TOUCHER : passer son doigt sur les couvertures.
Les regrets sont trop forts ou la curiosité trop grande. Alors on passe son doigt sur les tranches alignées. On veut sentir les collines de la littérature, les montagnes des titres sur-imprimés, les valons des vieilles couvertures granuleuses, les plaines calmes du papier. On ne vit plus que par le bout des doigts. Nos papilles sont nos extrémités tactiles. On imagine les trésors que renferment tous ces coffres mystérieux. Caresser les tranches.
que de sensations ! J'aime beaucoup.
Je lis toujours ces chroniques avec délice ...
Comme je te l'ai dit sur ton blog Wen, j'adore cette nouvelle plume. Je suis, je crois, décidément plus sensible à la prose. Et celle-ci te va bien.
^^"
Ce n'est pas une nouvelle plume... je me sens très gênée...
CHERCHER : voir à travers.
On sait. Mais on ne sait pas encore que l’on sait. Ou plutôt on se ment. On ne veut pas l’avouer. On sait déjà ce qu’on cherche, ce que l’on veut. Mais pour le plaisir on s’ignore. On continue à faire traîner nos yeux. On regarde partout, sauf là où il faut. On fait semblant de s’intéresser à telle ou telle couverture. « Quel drôle de nom ! », « Jolie police ! », « Ça manque de couleurs… ». Et finalement on ne tient plus. On s’accroupit, se penche, sur la pointe des pieds, du bout des doigts, fébrilement ou sans réserve, on s’étire, se recroqueville. On pose les doigts sur le haut de l’objet tant désiré, et sent - enfin ! - les pages sous nos doigts, nous chatouiller, et quelques grains de poussières. On le penche. Parfois on se dit qu’il va tomber. On le tire. Mais au pire ce sera dans nos bras. On le fait glisser. Petite rotation à nouveau. On se relève. On se détend. On observe la couverture pour vérifier. Oui, c’est bien lui, c’est le bon. Pour faire durer le suspens, on se force à lire la quatrième de couverture. Et enfin on soupire.
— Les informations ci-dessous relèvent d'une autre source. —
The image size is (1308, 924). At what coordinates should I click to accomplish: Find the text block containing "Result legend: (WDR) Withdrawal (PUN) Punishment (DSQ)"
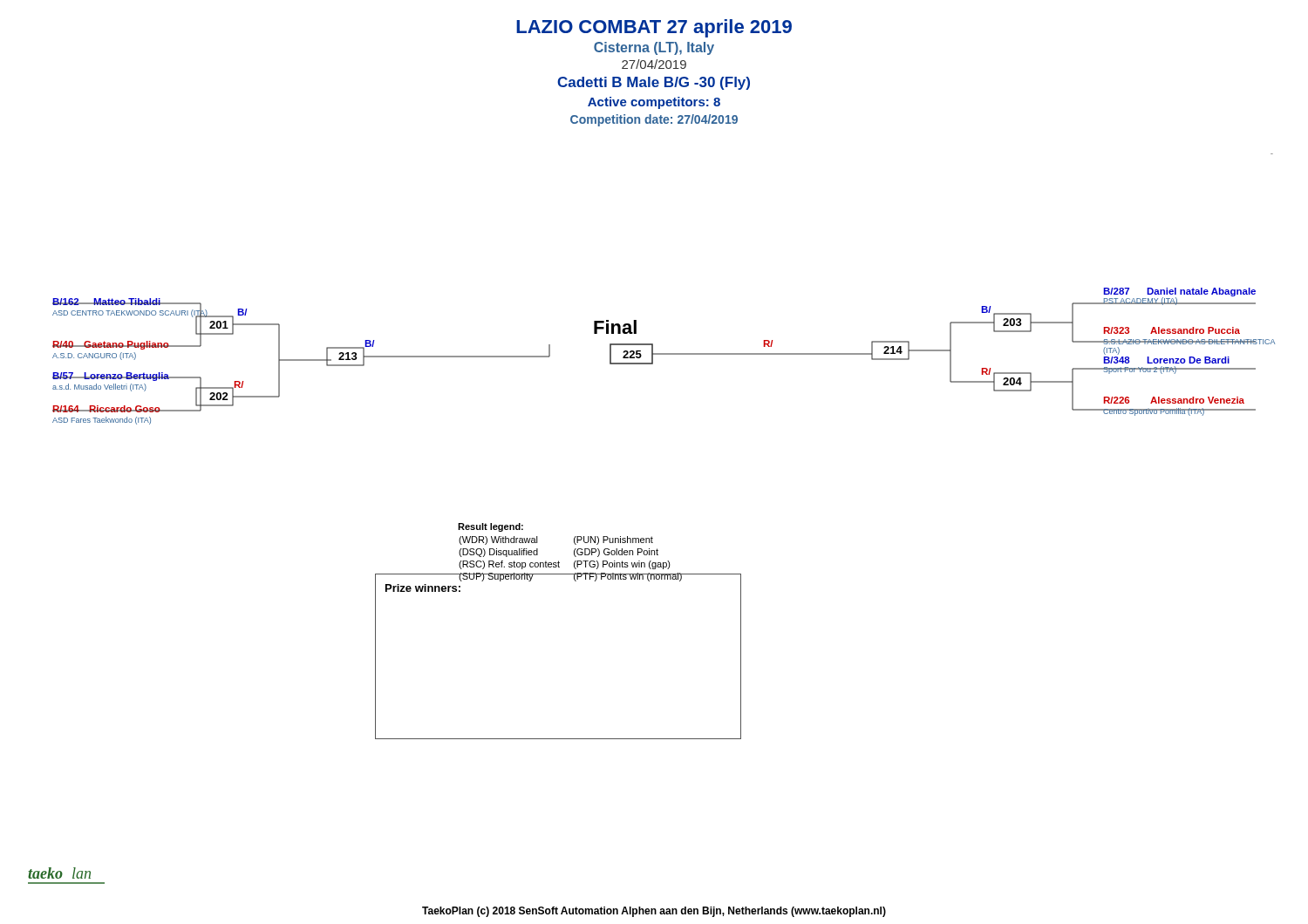pyautogui.click(x=570, y=552)

On a choisi.
MANGER : se rassasier de mots.
Des images à croquer et à laisser fondre sous la langue pour faire durer le plaisir.
Encore !
PATIENTER: rendre les mots plus savoureux
Pas de panique, il en reste encore quelques uns et une deuxième série est vaguement en ébauche (dans ma tête)
SALIVER : se contenter de l'odeur des idées
SALE-HIVER : exprimer son mécontentement à l'ombre de feuilles tombées
UnAutreLapin a dit :
SALE-HIVER :
exprimer son mécontentement à l'ombre de feuilles tombées
Comment tu dis
pas déjà ?
Ah oui...
Edit : A chaque fois que je la relis, je reste scotché, elle est vraiment splendide cette phrase!